======== DATA TO USE
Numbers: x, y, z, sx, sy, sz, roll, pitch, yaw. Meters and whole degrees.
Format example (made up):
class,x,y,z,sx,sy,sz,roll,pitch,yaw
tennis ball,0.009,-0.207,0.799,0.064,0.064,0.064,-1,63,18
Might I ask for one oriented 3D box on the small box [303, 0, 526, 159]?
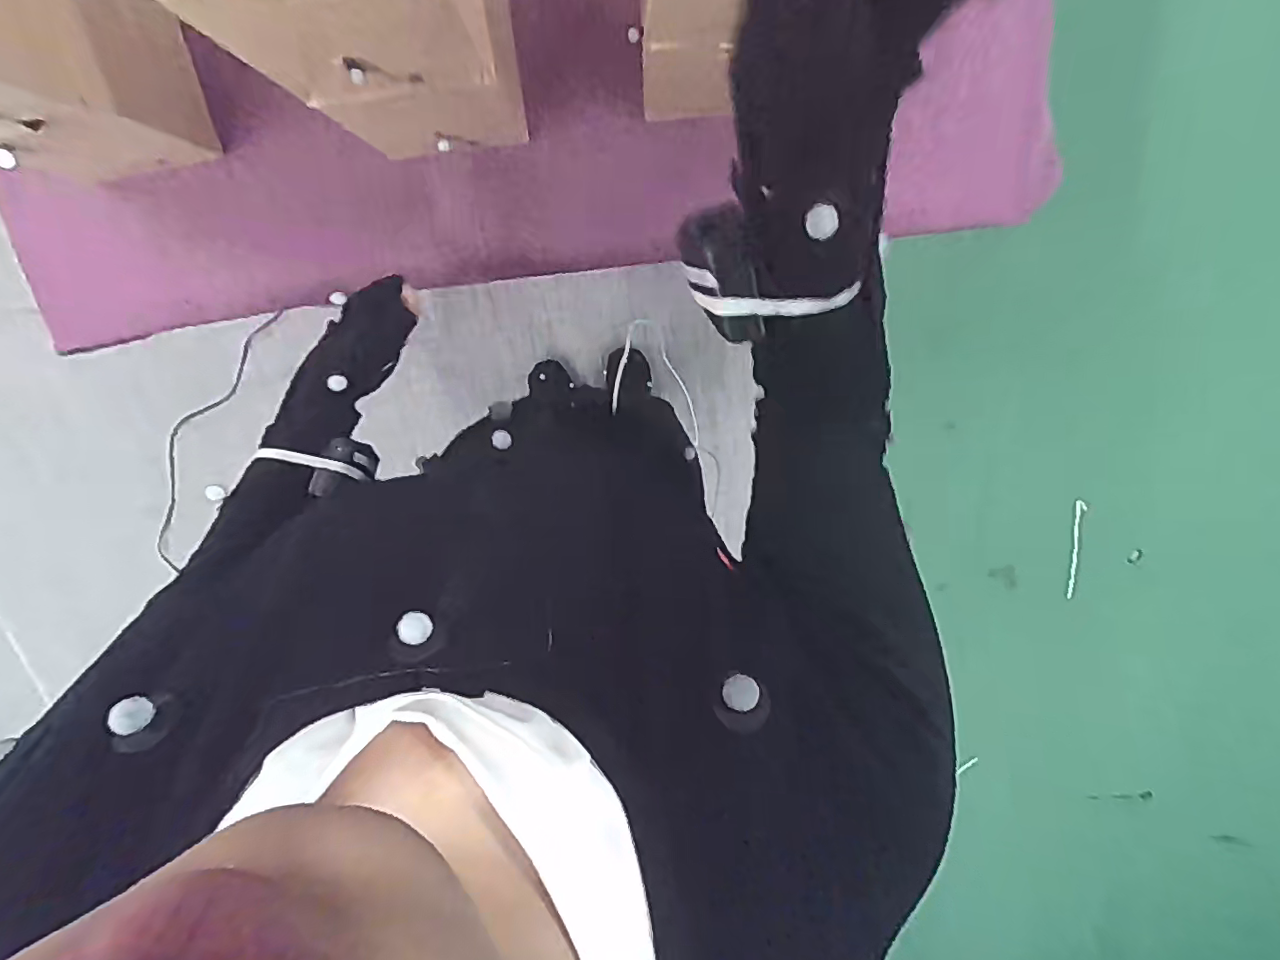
================
Output exactly and only the lines from the line containing "Format example (made" to the end of the entries, both included, and omit every picture.

Format example (made up):
class,x,y,z,sx,sy,sz,roll,pitch,yaw
tennis ball,0.009,-0.207,0.799,0.064,0.064,0.064,-1,63,18
Might I ask for one oriented 3D box on the small box [303, 0, 526, 159]?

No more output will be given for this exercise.